Front page | perl.perl5.porters |
Postings from February 2022
Pre-RFC: Implement UNIVERSAL::import() in universal.c, and allowattributes to be used to mark subs for export.
Thread Next
From:
demerphq
Date:
February 23, 2022 11:43
Subject:
Pre-RFC: Implement UNIVERSAL::import() in universal.c, and allowattributes to be used to mark subs for export.
Message ID:
CANgJU+Wy7VEppLKZpw2FDSZRd4_p1Umz51aQqpspQeDy8-BdSg@mail.gmail.com
*INTRODUCTION:
Currently there is a special case in the core so that when the import
method is called against *any* classname and there is no such import
function defined the method call silently succeeds but does nothing.
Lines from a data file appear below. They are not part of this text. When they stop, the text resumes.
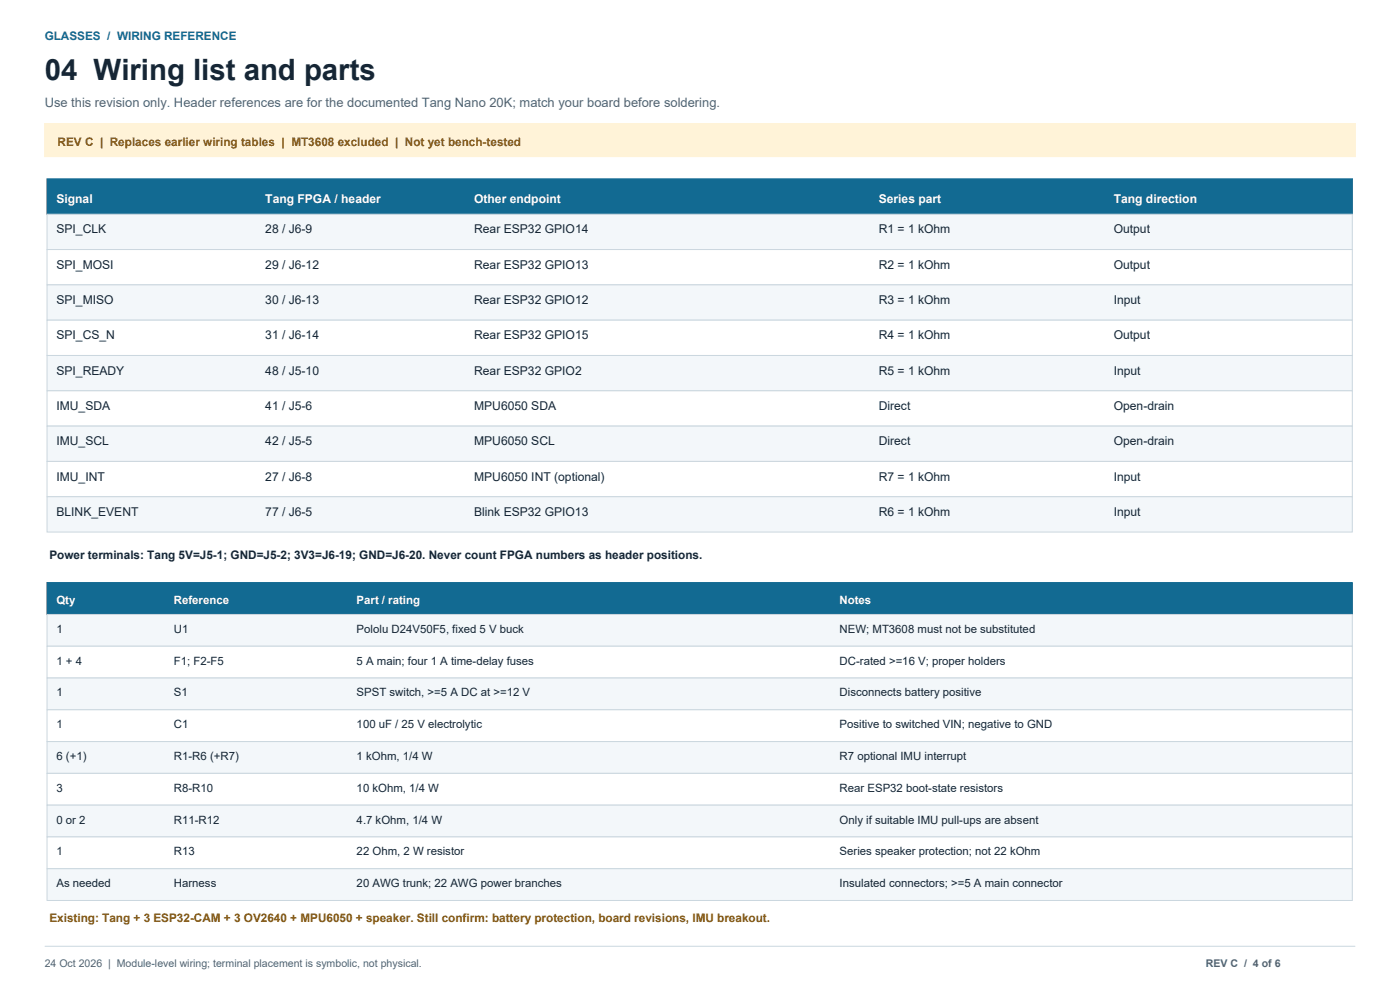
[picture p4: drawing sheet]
<svg xmlns="http://www.w3.org/2000/svg" width="420mm" height="297mm" viewBox="0 0 420 297" stroke-linecap="round" stroke-linejoin="round" font-family="sans-serif">
<defs><g id="words">
<text font-size="8.8" fill="#162635" x="13.4" y="24">04 Wiring list and parts</text>
<text font-size="3.9" fill="#4f6474" x="13.4" y="32.1">Use this revision only. Header references are for the documented Tang Nano 20K; match your board before soldering.</text>
<g font-size="3.6" fill="#fff">
<text x="16.9" y="60.7">Signal</text>
<text x="79.6" y="60.7">Tang FPGA / header</text>
<text x="142.2" y="60.7">Other endpoint</text>
<text x="263.6" y="60.7">Series part</text>
<text x="334.1" y="60.7">Tang direction</text>
</g>
<g font-size="3.6" fill="#162635">
<text x="16.9" y="70">SPI_CLK</text>
<text x="79.6" y="70">28 / J6-9</text>
<text x="142.2" y="70">Rear ESP32 GPIO14</text>
<text x="263.6" y="70">R1 = 1 kOhm</text>
<text x="334.1" y="70">Output</text>
<text x="16.9" y="80.5">SPI_MOSI</text>
<text x="79.6" y="80.5">29 / J6-12</text>
<text x="142.2" y="80.5">Rear ESP32 GPIO13</text>
<text x="263.6" y="80.5">R2 = 1 kOhm</text>
<text x="334.1" y="80.5">Output</text>
<text x="16.9" y="91.1">SPI_MISO</text>
<text x="79.6" y="91.1">30 / J6-13</text>
<text x="142.2" y="91.1">Rear ESP32 GPIO12</text>
<text x="263.6" y="91.1">R3 = 1 kOhm</text>
<text x="334.1" y="91.1">Input</text>
<text x="16.9" y="101.7">SPI_CS_N</text>
<text x="79.6" y="101.7">31 / J6-14</text>
<text x="142.2" y="101.7">Rear ESP32 GPIO15</text>
<text x="263.6" y="101.7">R4 = 1 kOhm</text>
<text x="334.1" y="101.7">Output</text>
<text x="16.9" y="112.3">SPI_READY</text>
<text x="79.6" y="112.3">48 / J5-10</text>
<text x="142.2" y="112.3">Rear ESP32 GPIO2</text>
<text x="263.6" y="112.3">R5 = 1 kOhm</text>
<text x="334.1" y="112.3">Input</text>
<text x="16.9" y="122.9">IMU_SDA</text>
<text x="79.6" y="122.9">41 / J5-6</text>
<text x="142.2" y="122.9">MPU6050 SDA</text>
<text x="263.6" y="122.9">Direct</text>
<text x="334.1" y="122.9">Open-drain</text>
<text x="16.9" y="133.5">IMU_SCL</text>
<text x="79.6" y="133.5">42 / J5-5</text>
<text x="142.2" y="133.5">MPU6050 SCL</text>
<text x="263.6" y="133.5">Direct</text>
<text x="334.1" y="133.5">Open-drain</text>
<text x="16.9" y="144">IMU_INT</text>
<text x="79.6" y="144">27 / J6-8</text>
<text x="142.2" y="144">MPU6050 INT (optional)</text>
<text x="263.6" y="144">R7 = 1 kOhm</text>
<text x="334.1" y="144">Input</text>
<text x="16.9" y="154.6">BLINK_EVENT</text>
<text x="79.6" y="154.6">77 / J6-5</text>
<text x="142.2" y="154.6">Blink ESP32 GPIO13</text>
<text x="263.6" y="154.6">R6 = 1 kOhm</text>
<text x="334.1" y="154.6">Input</text>
</g>
<text font-size="3.5" fill="#126a92" x="13.4" y="12">GLASSES / WIRING REFERENCE</text>
<g font-size="3.5" fill="#8d5600">
<text x="17.3" y="43.7">REV C | Replaces earlier wiring tables | MT3608 excluded | Not yet bench-tested</text>
<text x="14.8" y="276.2">Existing: Tang + 3 ESP32-CAM + 3 OV2640 + MPU6050 + speaker. Still confirm: battery protection, board revisions, IMU breakout.</text>
</g>
<text font-size="3.5" fill="#162635" x="14.8" y="167.6">Power terminals: Tang 5V=J5-1; GND=J5-2; 3V3=J6-19; GND=J6-20. Never count FPGA numbers as header positions.</text>
<g font-size="3.4" fill="#fff">
<text x="16.9" y="181">Qty</text>
<text x="52.2" y="181">Reference</text>
<text x="107" y="181">Part / rating</text>
<text x="251.9" y="181">Notes</text>
</g>
<g font-size="3.4" fill="#162635">
<text x="16.9" y="189.7">1</text>
<text x="52.2" y="189.7">U1</text>
<text x="107" y="189.7">Pololu D24V50F5, fixed 5 V buck</text>
<text x="251.9" y="189.7">NEW; MT3608 must not be substituted</text>
<text x="16.9" y="199.2">1 + 4</text>
<text x="52.2" y="199.2">F1; F2-F5</text>
<text x="107" y="199.2">5 A main; four 1 A time-delay fuses</text>
<text x="251.9" y="199.2">DC-rated &gt;=16 V; proper holders</text>
<text x="16.9" y="208.7">1</text>
<text x="52.2" y="208.7">S1</text>
<text x="107" y="208.7">SPST switch, &gt;=5 A DC at &gt;=12 V</text>
<text x="251.9" y="208.7">Disconnects battery positive</text>
<text x="16.9" y="218.3">1</text>
<text x="52.2" y="218.3">C1</text>
<text x="107" y="218.3">100 uF / 25 V electrolytic</text>
<text x="251.9" y="218.3">Positive to switched VIN; negative to GND</text>
<text x="16.9" y="227.8">6 (+1)</text>
<text x="52.2" y="227.8">R1-R6 (+R7)</text>
<text x="107" y="227.8">1 kOhm, 1/4 W</text>
<text x="251.9" y="227.8">R7 optional IMU interrupt</text>
<text x="16.9" y="237.3">3</text>
<text x="52.2" y="237.3">R8-R10</text>
<text x="107" y="237.3">10 kOhm, 1/4 W</text>
<text x="251.9" y="237.3">Rear ESP32 boot-state resistors</text>
<text x="16.9" y="246.8">0 or 2</text>
<text x="52.2" y="246.8">R11-R12</text>
<text x="107" y="246.8">4.7 kOhm, 1/4 W</text>
<text x="251.9" y="246.8">Only if suitable IMU pull-ups are absent</text>
<text x="16.9" y="256.4">1</text>
<text x="52.2" y="256.4">R13</text>
<text x="107" y="256.4">22 Ohm, 2 W resistor</text>
<text x="251.9" y="256.4">Series speaker protection; not 22 kOhm</text>
<text x="16.9" y="265.9">As needed</text>
<text x="52.2" y="265.9">Harness</text>
<text x="107" y="265.9">20 AWG trunk; 22 AWG power branches</text>
<text x="251.9" y="265.9">Insulated connectors; &gt;=5 A main connector</text>
</g>
<g font-size="3.2" fill="#4f6474">
<text x="13.4" y="289.9">24 Oct 2026 | Module-level wiring; terminal placement is symbolic, not physical.</text>
<text x="361.8" y="289.9">REV C / 4 of 6</text>
</g>
</g></defs>
<path d="M13.4 37h393.2v9.9h-393.2z" fill-rule="evenodd" fill="#fff3d8" stroke="#fff3d8" stroke-width=".35"/>
<path d="M14.1 53.6h391.6v10.6h-391.6z" fill-rule="evenodd" fill="#126a92" stroke="#126a92" stroke-width=".35"/>
<path d="M14.1 64.2h391.6v10.6h-391.6z" fill-rule="evenodd" fill="#f3f7fa" stroke="#cbd7df" stroke-width=".3"/>
<path d="M14.1 74.8h391.6v10.6h-391.6z" fill-rule="evenodd" fill="#fff" stroke="#cbd7df" stroke-width=".3"/>
<path d="M14.1 85.4h391.6v10.6h-391.6z" fill-rule="evenodd" fill="#f3f7fa" stroke="#cbd7df" stroke-width=".3"/>
<path d="M14.1 96h391.6v10.5h-391.6z" fill-rule="evenodd" fill="#fff" stroke="#cbd7df" stroke-width=".3"/>
<path d="M14.1 106.5h391.6v10.6h-391.6z" fill-rule="evenodd" fill="#f3f7fa" stroke="#cbd7df" stroke-width=".3"/>
<path d="M14.1 117.1h391.6v10.6h-391.6z" fill-rule="evenodd" fill="#fff" stroke="#cbd7df" stroke-width=".3"/>
<path d="M14.1 127.7h391.6v10.6h-391.6z" fill-rule="evenodd" fill="#f3f7fa" stroke="#cbd7df" stroke-width=".3"/>
<path d="M14.1 138.3h391.6v10.6h-391.6z" fill-rule="evenodd" fill="#fff" stroke="#cbd7df" stroke-width=".3"/>
<path d="M14.1 148.9h391.6v10.6h-391.6z" fill-rule="evenodd" fill="#f3f7fa" stroke="#cbd7df" stroke-width=".3"/>
<path d="M14.1 174.6h391.6v9.5h-391.6z" fill-rule="evenodd" fill="#126a92" stroke="#126a92" stroke-width=".35"/>
<path d="M14.1 184.1h391.6v9.6h-391.6z" fill-rule="evenodd" fill="#f3f7fa" stroke="#cbd7df" stroke-width=".3"/>
<path d="M14.1 193.7h391.6v9.5h-391.6z" fill-rule="evenodd" fill="#fff" stroke="#cbd7df" stroke-width=".3"/>
<path d="M14.1 203.2h391.6v9.5h-391.6z" fill-rule="evenodd" fill="#f3f7fa" stroke="#cbd7df" stroke-width=".3"/>
<path d="M14.1 212.7h391.6v9.6h-391.6z" fill-rule="evenodd" fill="#fff" stroke="#cbd7df" stroke-width=".3"/>
<path d="M14.1 222.3h391.6v9.5h-391.6z" fill-rule="evenodd" fill="#f3f7fa" stroke="#cbd7df" stroke-width=".3"/>
<path d="M14.1 231.8h391.6v9.5h-391.6z" fill-rule="evenodd" fill="#fff" stroke="#cbd7df" stroke-width=".3"/>
<path d="M14.1 241.3h391.6v9.5h-391.6z" fill-rule="evenodd" fill="#f3f7fa" stroke="#cbd7df" stroke-width=".3"/>
<path d="M14.1 250.8h391.6v9.6h-391.6z" fill-rule="evenodd" fill="#fff" stroke="#cbd7df" stroke-width=".3"/>
<path d="M14.1 260.4h391.6v9.5h-391.6z" fill-rule="evenodd" fill="#f3f7fa" stroke="#cbd7df" stroke-width=".3"/>
<path d="M13.4 283.6h393.2" fill="none" stroke="#cbd7df" stroke-width=".3"/>
<use href="#words"/>
</svg>

This
dates back to Perl 5.0 and is presumably so that when
use Whatever;
is translated into its definition of
BEGIN {
require Whatever;
Whatever->import();
}
no error is generated by the import call. The workaround was probably
chosen because at the time there was no universal.c which was added in
5.003 in 6d4a7be2b18d1674acf2ccc0da715a204e2d1ed0. Even when universal.c
was added no import() method of last resort was added.
Arguably this was a mistake. It means that a number of interesting issues
get swept under the carpet. It also exposes the possibility of interesting
bugs.
So for instance if someone typos a module name and does something like
this. Imagine a module "Thing", and someone writes:
Thng->import("whatever");
no error will be produced, no "whatever" will be imported, etc. This is
particularly relevant on case-insensitive file systems where a statement
like:
use List::util qw(sum);
will silently succeed, as the require logic will try to load the file "List/
util.pm" and the case insensitive file system will happily open the file
"List/Util.pm", however the import that will be executed will be
List::util->import("sum"), which wont exist, so the "sum" function will
*silently* not be imported. The result will be a very confused developer.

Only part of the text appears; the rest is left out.